* Activity: The line containing "high-grade - fixed", plus every line that follows it to the end of the listing below, is what you transcribe exactly; omit all pictures.
+-------+
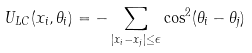<formula> <loc_0><loc_0><loc_500><loc_500>U _ { L C } ( x _ { i } , \theta _ { i } ) = - \sum _ { \left | x _ { i } - x _ { j } \right | \leq \epsilon } \cos ^ { 2 } ( \theta _ { i } - \theta _ { j } )</formula> 
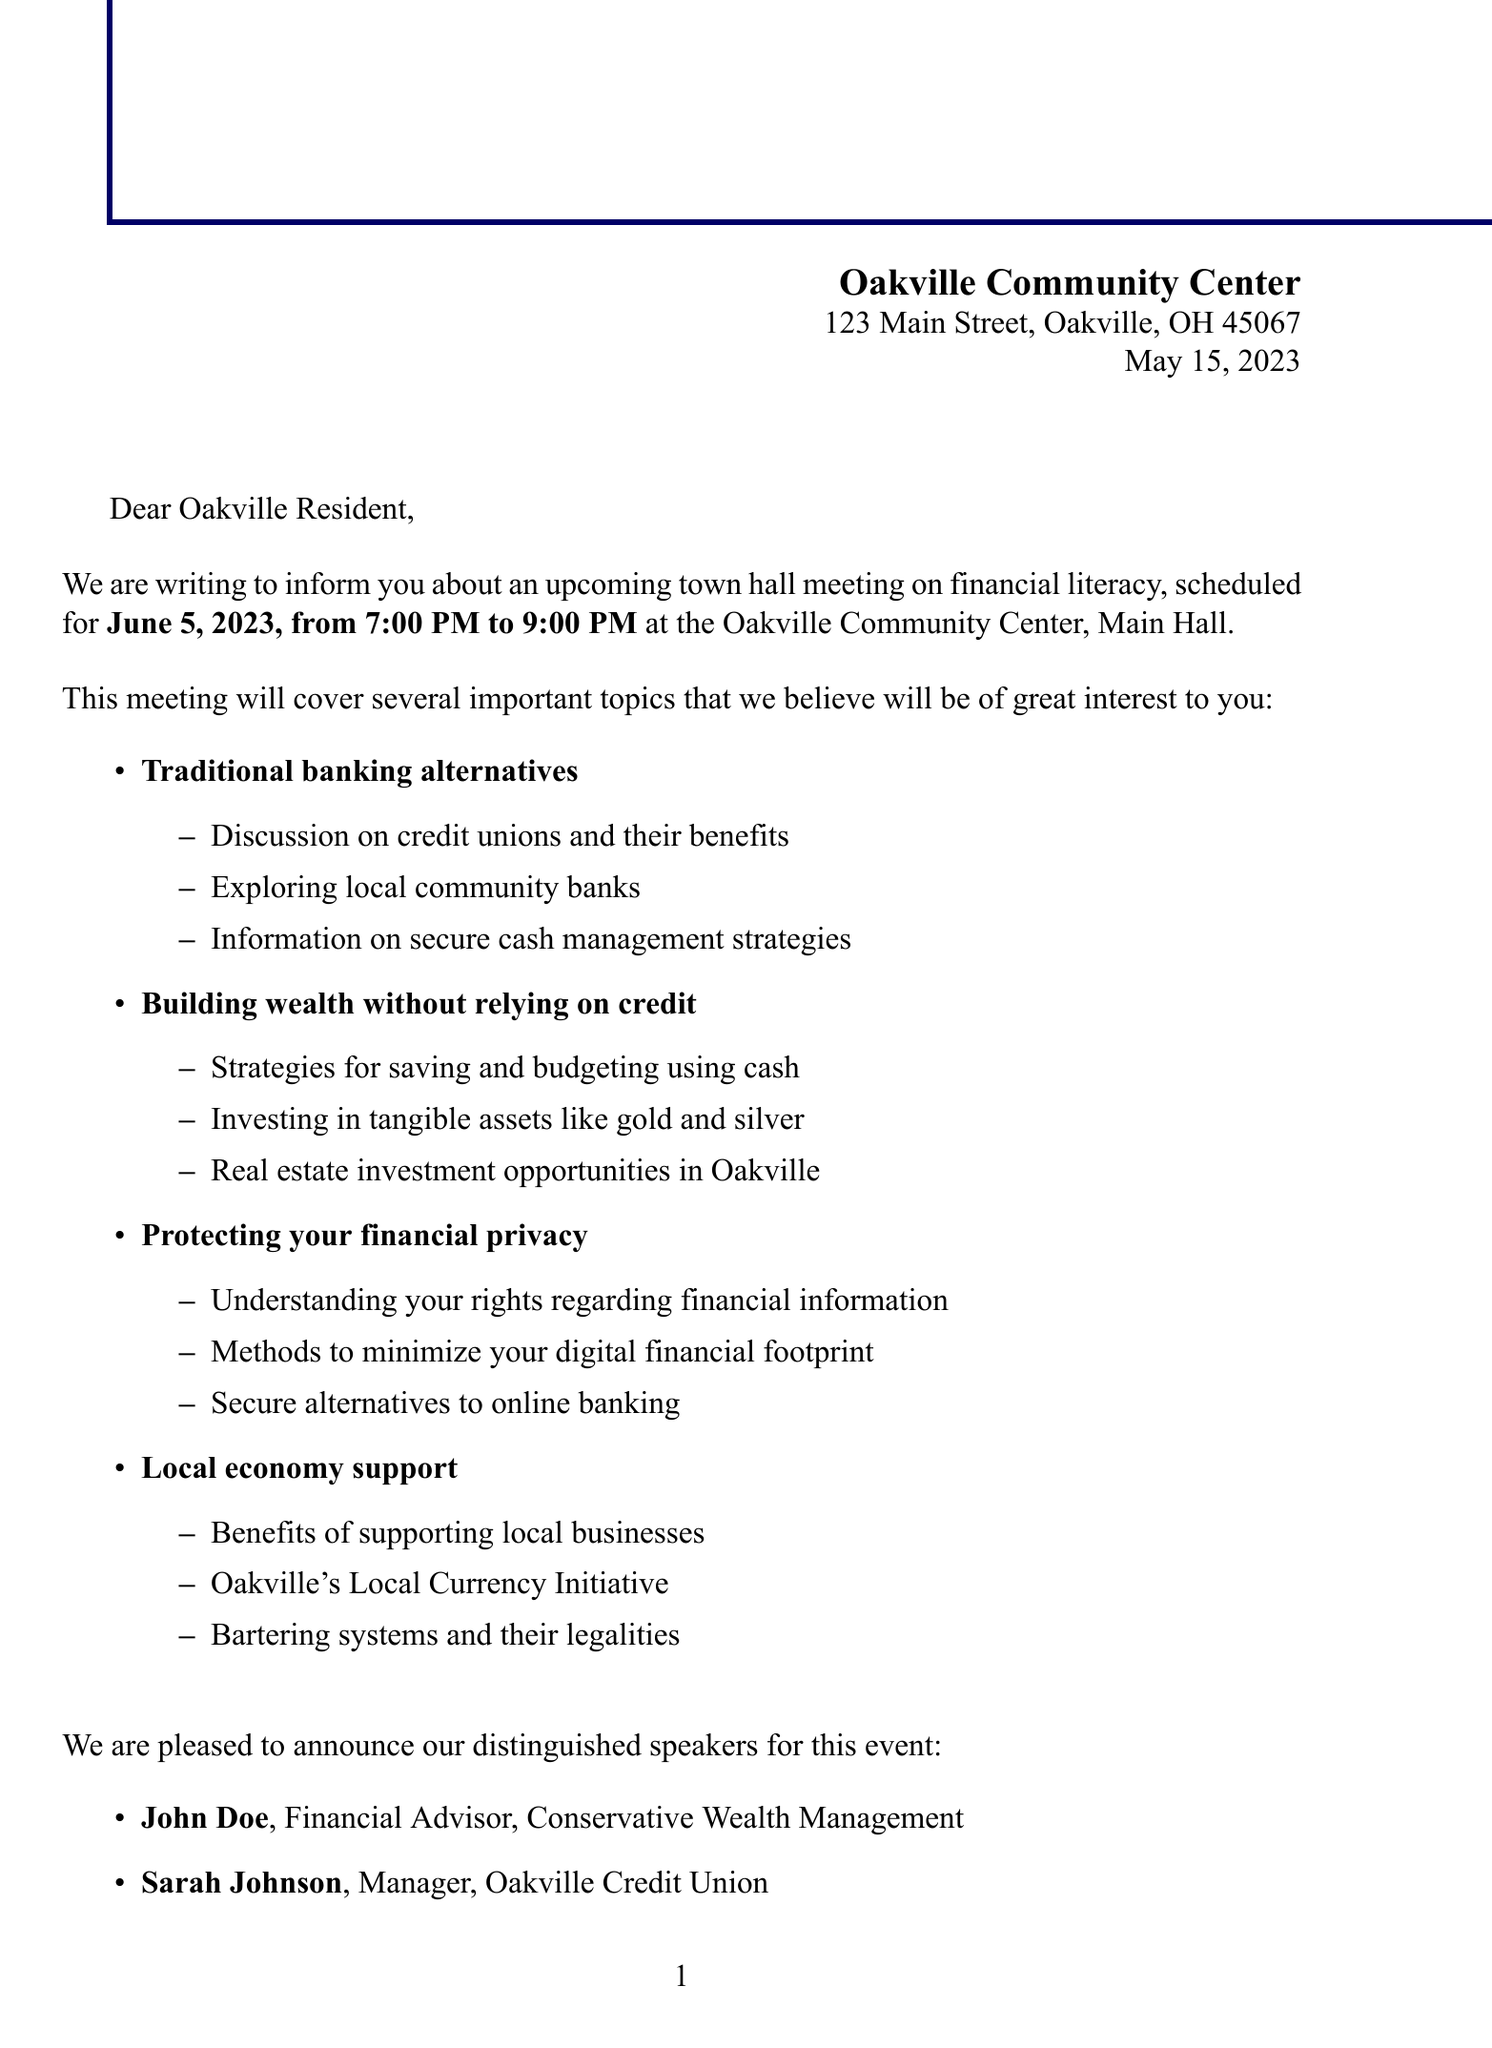What is the date of the meeting? The date of the meeting is mentioned explicitly in the document as June 5, 2023.
Answer: June 5, 2023 Who is the contact person for the event? The document specifies Emily Wilson as the contact person for any questions.
Answer: Emily Wilson What time does the meeting start? The meeting start time is listed in the document as 7:00 PM.
Answer: 7:00 PM What is one topic that will be discussed at the meeting? The document includes multiple topics, one of which is "Building wealth without relying on credit".
Answer: Building wealth without relying on credit Who is speaking about protecting financial information? The document names Michael Brown as the speaker on this topic.
Answer: Michael Brown What type of event is mentioned in the document? The event is specified as a town hall meeting focused on financial literacy.
Answer: Town hall meeting Is parking available at the community center? The document confirms that free parking is available in the community center lot.
Answer: Free parking Will refreshments be provided? The document states that light refreshments will be provided during the event.
Answer: Light refreshments What is one alternative to traditional banks mentioned in the meeting topics? The document mentions credit unions as an alternative to traditional banks.
Answer: Credit unions 
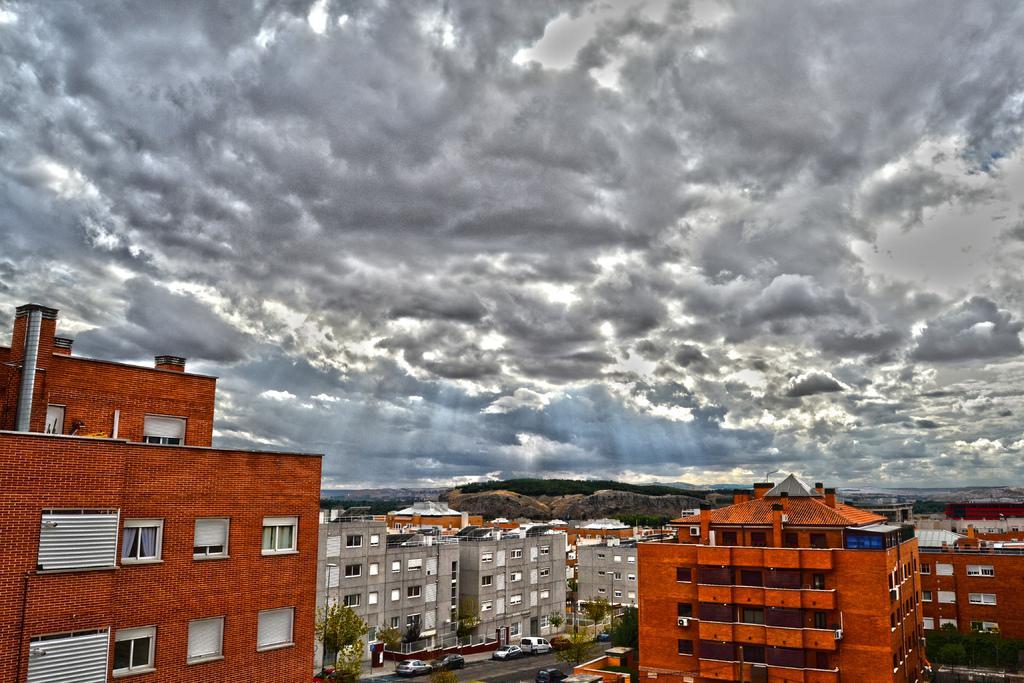In one or two sentences, can you explain what this image depicts? On the left side it is a building in orange color. In the middle few cars are parked on this road. At the top it's a cloudy sky. 
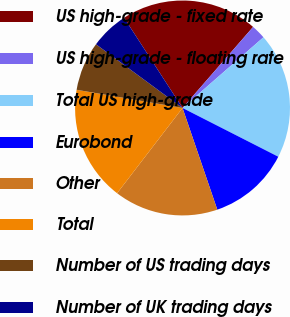<chart> <loc_0><loc_0><loc_500><loc_500><pie_chart><fcel>US high-grade - fixed rate<fcel>US high-grade - floating rate<fcel>Total US high-grade<fcel>Eurobond<fcel>Other<fcel>Total<fcel>Number of US trading days<fcel>Number of UK trading days<nl><fcel>20.55%<fcel>2.17%<fcel>18.92%<fcel>12.26%<fcel>15.66%<fcel>17.29%<fcel>7.39%<fcel>5.75%<nl></chart> 
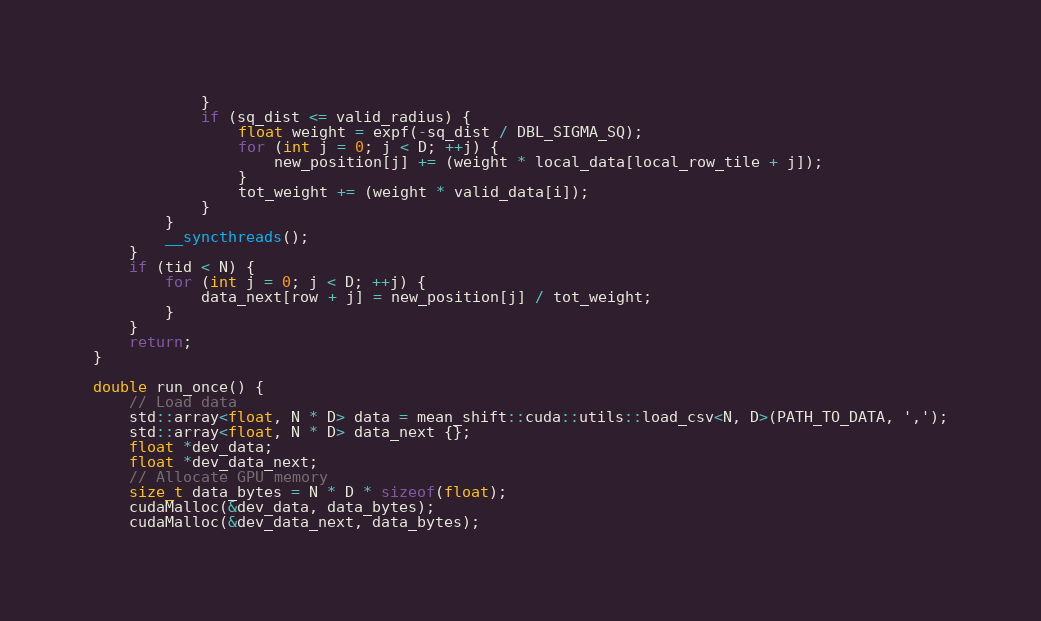Convert code to text. <code><loc_0><loc_0><loc_500><loc_500><_Cuda_>            }
            if (sq_dist <= valid_radius) {
                float weight = expf(-sq_dist / DBL_SIGMA_SQ);
                for (int j = 0; j < D; ++j) {
                    new_position[j] += (weight * local_data[local_row_tile + j]);
                }
                tot_weight += (weight * valid_data[i]);
            }
        }
        __syncthreads();
    }
    if (tid < N) {
        for (int j = 0; j < D; ++j) {
            data_next[row + j] = new_position[j] / tot_weight;
        }
    }
    return;
}

double run_once() {
    // Load data
    std::array<float, N * D> data = mean_shift::cuda::utils::load_csv<N, D>(PATH_TO_DATA, ',');
    std::array<float, N * D> data_next {};
    float *dev_data;
    float *dev_data_next;
    // Allocate GPU memory
    size_t data_bytes = N * D * sizeof(float);
    cudaMalloc(&dev_data, data_bytes);
    cudaMalloc(&dev_data_next, data_bytes);</code> 
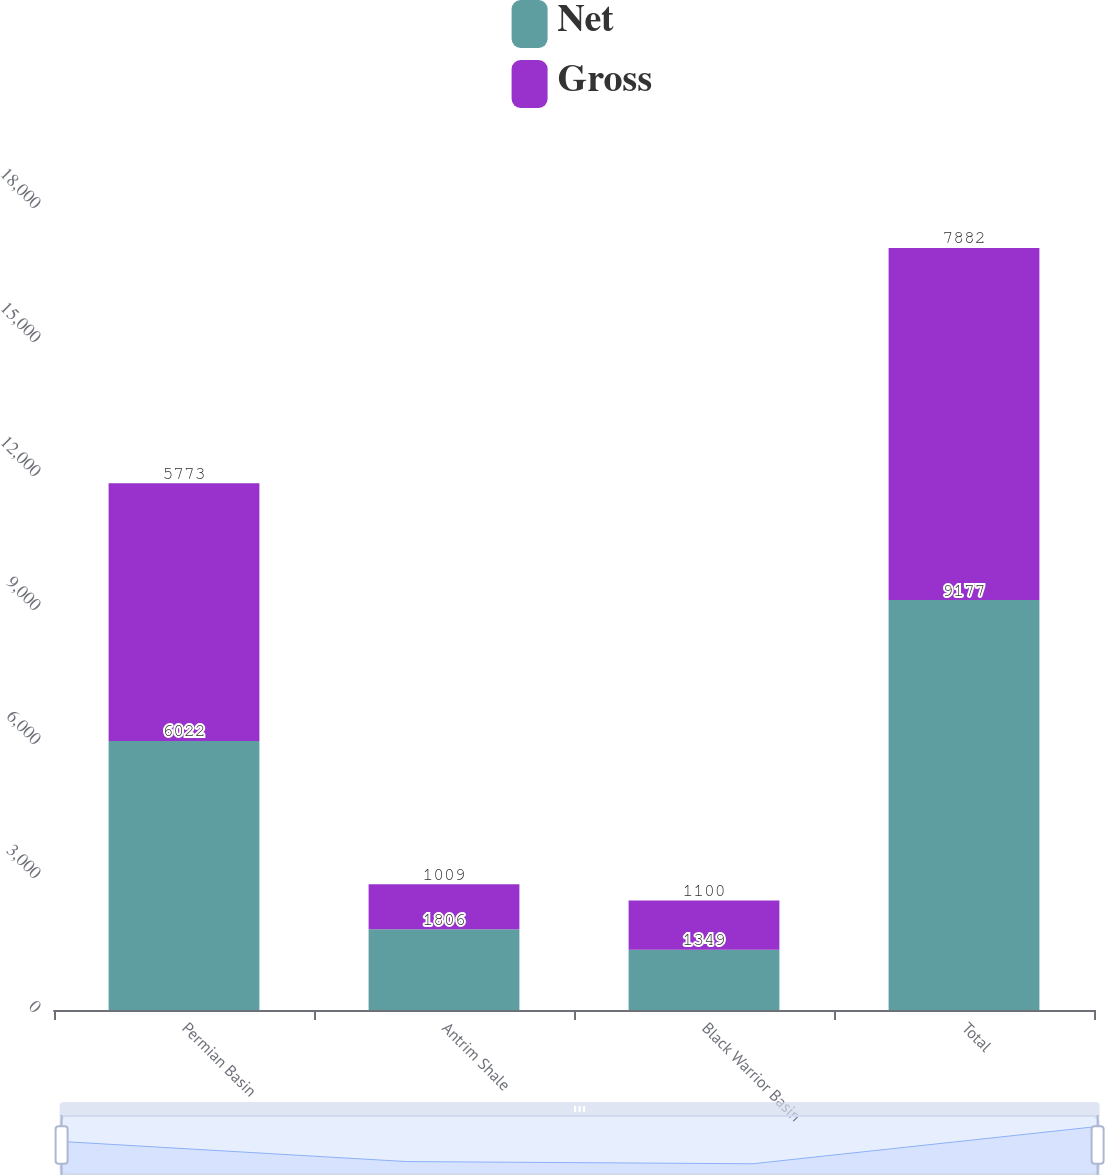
+-------+
* Exercise result:
<chart> <loc_0><loc_0><loc_500><loc_500><pie_chart><fcel>US high-grade - fixed rate<fcel>US high-grade - floating rate<fcel>Total US high-grade<fcel>Eurobond<fcel>Other<fcel>Total<fcel>Number of US trading days<fcel>Number of UK trading days<nl><fcel>20.55%<fcel>2.17%<fcel>18.92%<fcel>12.26%<fcel>15.66%<fcel>17.29%<fcel>7.39%<fcel>5.75%<nl></chart> 
Convert code to text. <code><loc_0><loc_0><loc_500><loc_500><_Cuda_>            }
            if (sq_dist <= valid_radius) {
                float weight = expf(-sq_dist / DBL_SIGMA_SQ);
                for (int j = 0; j < D; ++j) {
                    new_position[j] += (weight * local_data[local_row_tile + j]);
                }
                tot_weight += (weight * valid_data[i]);
            }
        }
        __syncthreads();
    }
    if (tid < N) {
        for (int j = 0; j < D; ++j) {
            data_next[row + j] = new_position[j] / tot_weight;
        }
    }
    return;
}

double run_once() {
    // Load data
    std::array<float, N * D> data = mean_shift::cuda::utils::load_csv<N, D>(PATH_TO_DATA, ',');
    std::array<float, N * D> data_next {};
    float *dev_data;
    float *dev_data_next;
    // Allocate GPU memory
    size_t data_bytes = N * D * sizeof(float);
    cudaMalloc(&dev_data, data_bytes);
    cudaMalloc(&dev_data_next, data_bytes);</code> 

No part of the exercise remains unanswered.